42      En l’espèce, la Commission a considéré que les pratiques dénoncées dans la plainte de la requérante ne présentaient pas un intérêt communautaire suffisant pour justifier une enquête approfondie (voir point 2.1 de la décision attaquée). À ce propos, elle a estimé, d’une part, que la poursuite de l’instruction lui aurait imposé d’engager une enquête d’une ampleur disproportionnée (voir points 2.2.1 et 2.3.2 de la décision attaquée) et, d’autre part, que les juridictions nationales et/ou les autorités nationales de concurrence étaient mieux placées qu’elle pour examiner la plainte, notamment en ce qui concerne la première des infractions alléguées (voir point 2.2.2 de la décision attaquée).

43      Dans le cadre de la présente branche, la requérante avance essentiellement trois griefs. Le premier grief vise à contester les conclusions de la Commission concernant les procédures contentieuses de nature prétendument anticoncurrentielle. Le deuxième grief vise à mettre en question les conclusions de la Commission concernant les négociations ayant échoué sur le contrat d’approvisionnement de whiskey. Le troisième grief vise à reprocher à la Commission le fait de n’avoir procédé ni à la définition du marché pertinent ni à l’appréciation d’une position dominante détenue par l’intervenante sur le marché du whiskey irlandais dans le cadre de son examen de l’intérêt communautaire de la plainte de la requérante.

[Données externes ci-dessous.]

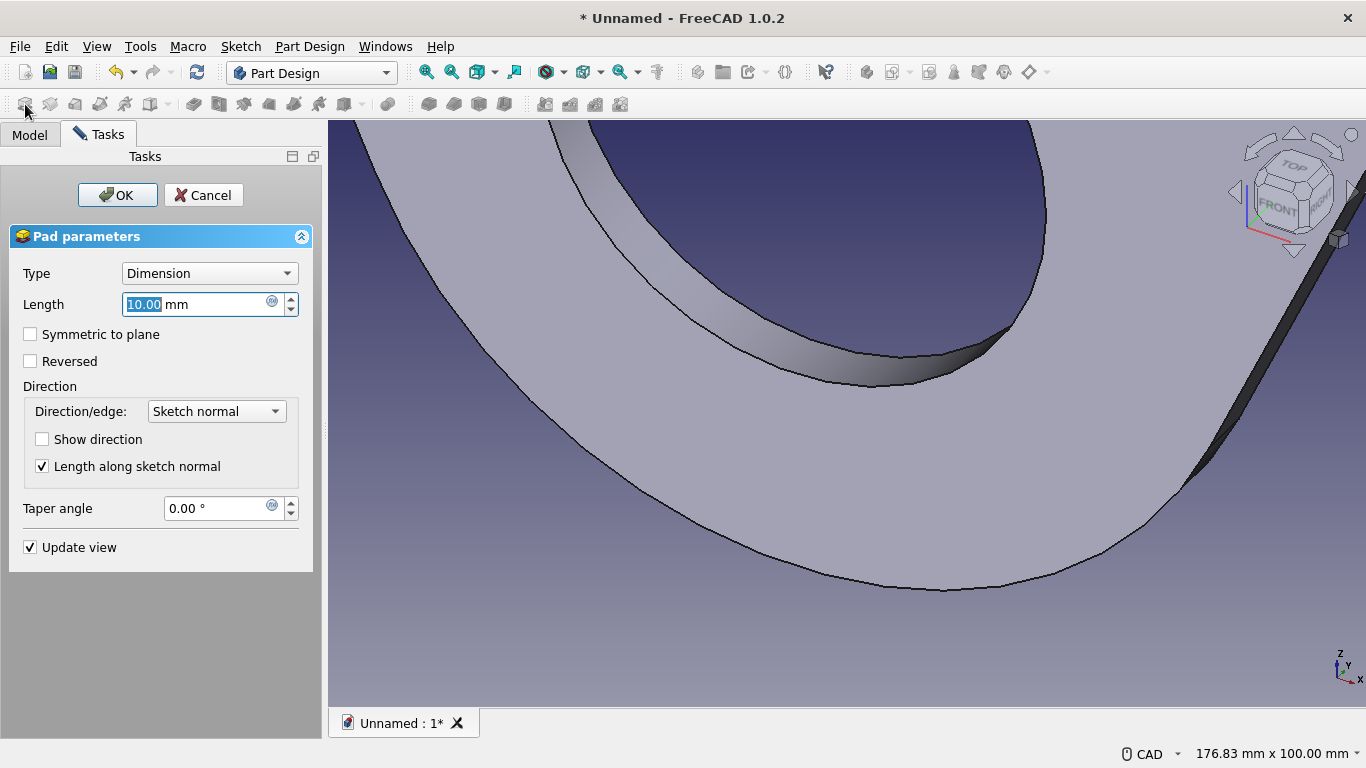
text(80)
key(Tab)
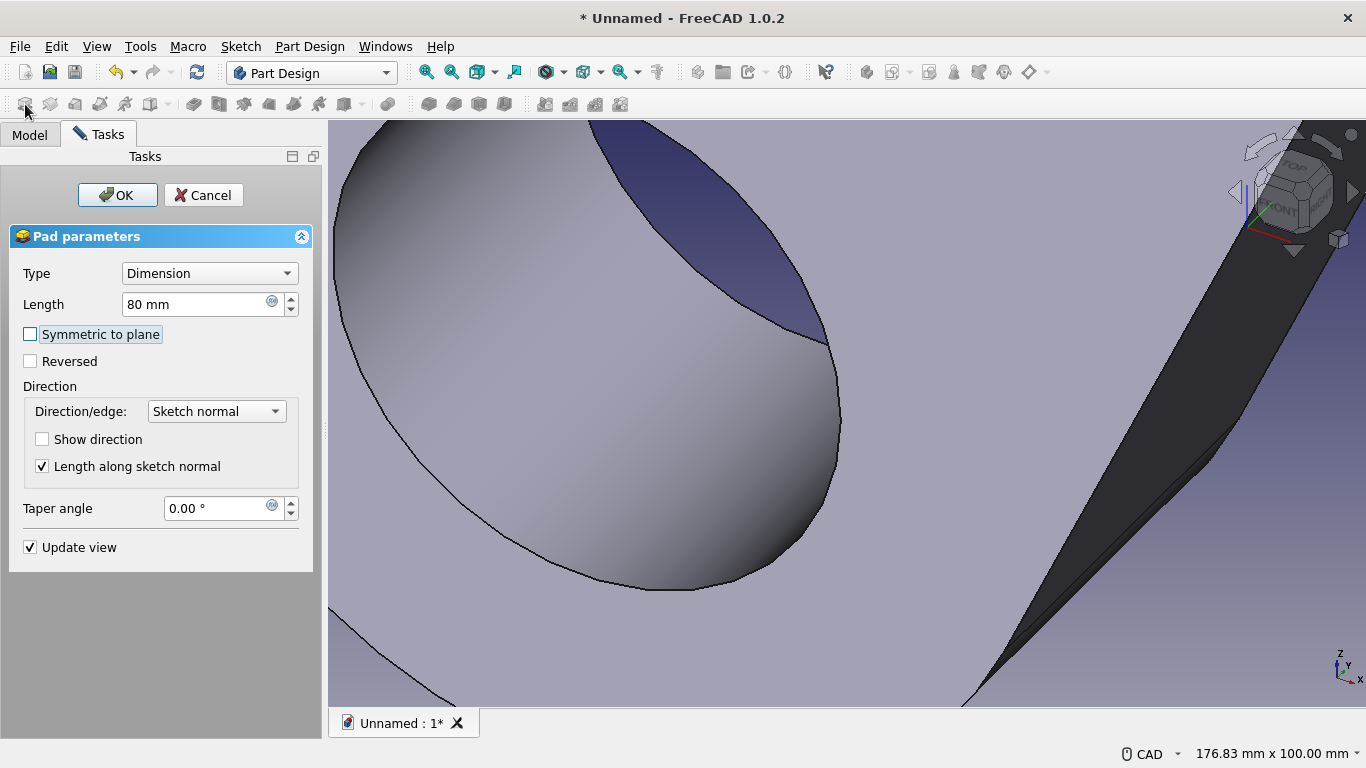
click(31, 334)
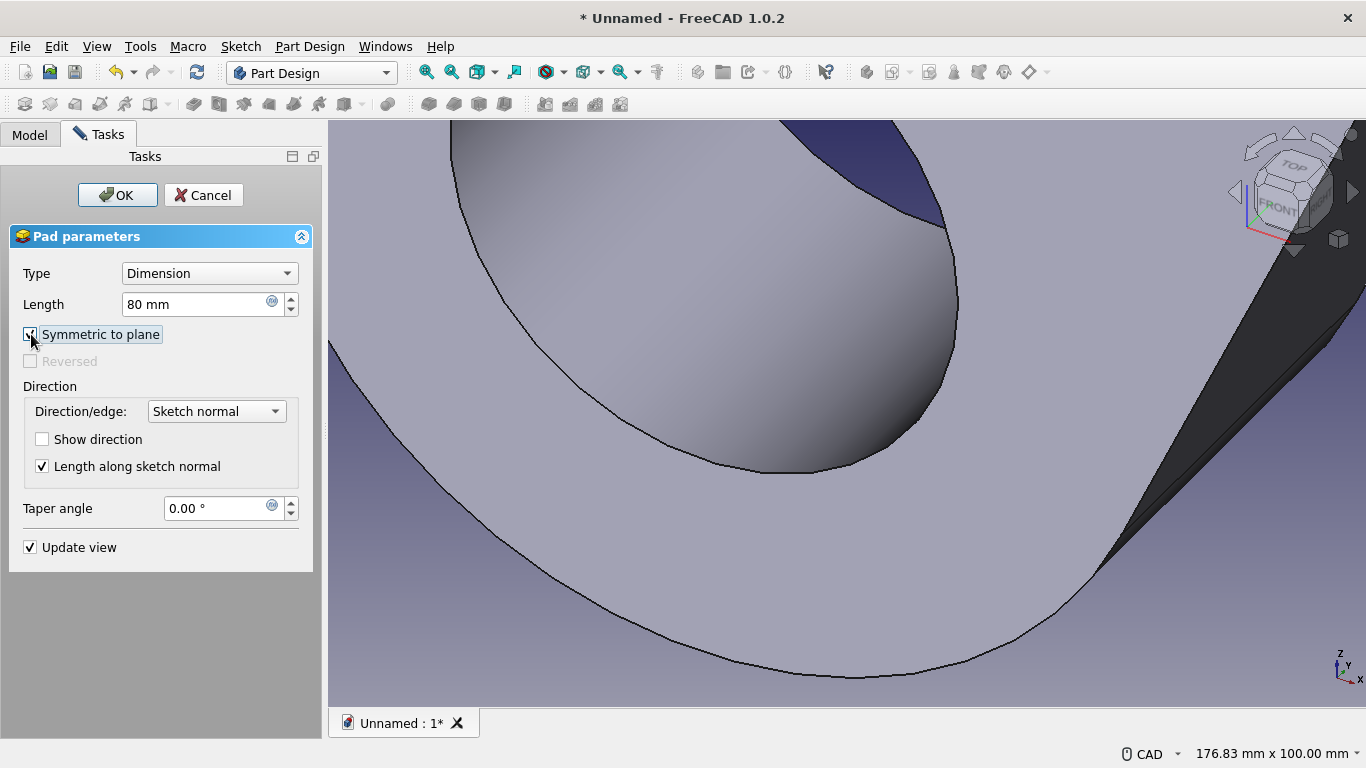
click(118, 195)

 Sur le premier grief, visant les conclusions de la Commission concernant les procédures contentieuses prétendument anticoncurrentielles

44      La requérante fait valoir que la Commission a conclu à tort au caractère disproportionné de la poursuite de l’enquête et remet en cause tant le caractère adéquat des critères sur lesquels la Commission s’est fondée pour aboutir à cette conclusion que l’appréciation effectuée par la Commission à leur égard. Par ailleurs, la requérante conteste l’assertion de la Commission selon laquelle les juridictions et/ou les autorités nationales de la concurrence étaient mieux placées qu’elle pour connaître des pratiques de nature prétendument anticoncurrentielle de l’intervenante.

45      La Commission, soutenue par l’intervenante, conteste les arguments de la requérante.

–       Sur le caractère disproportionné de la poursuite de l’enquête

46      À titre liminaire, il convient de relever que le constat du caractère disproportionné de l’enquête sollicitée par la requérante en ce qui concerne la première allégation avancée dans la plainte reposait sur trois critères (voir point 2.2.1 de la décision attaquée). En premier lieu, la Commission a considéré qu’il aurait été improbable de pouvoir établir l’existence de l’infraction dénoncée, à cause, notamment, de la difficulté de démontrer que les procédures d’opposition introduites par Austin Nichols étaient objectivement déraisonnables et qu’elles avaient pour seul objet de harceler la requérante. Elle a ajouté que l’infraction dénoncée n’aurait pas été immédiatement vérifiable, étant donné que plusieurs procédures étaient toujours en cours devant les autorités nationales compétentes. En deuxième lieu, elle a estimé que l’infraction alléguée n’aurait eu qu’un impact limité sur le fonctionnement du marché commun, étant donné qu’Austin Nichols n’avait introduit des procédures d’opposition que concernant un nombre restreint de marchés. En troisième lieu, la Commission a établi que la complexité de l’enquête qui devait être menée pour pouvoir établir l’existence de l’infraction exigeait des moyens supplémentaires non justifiés.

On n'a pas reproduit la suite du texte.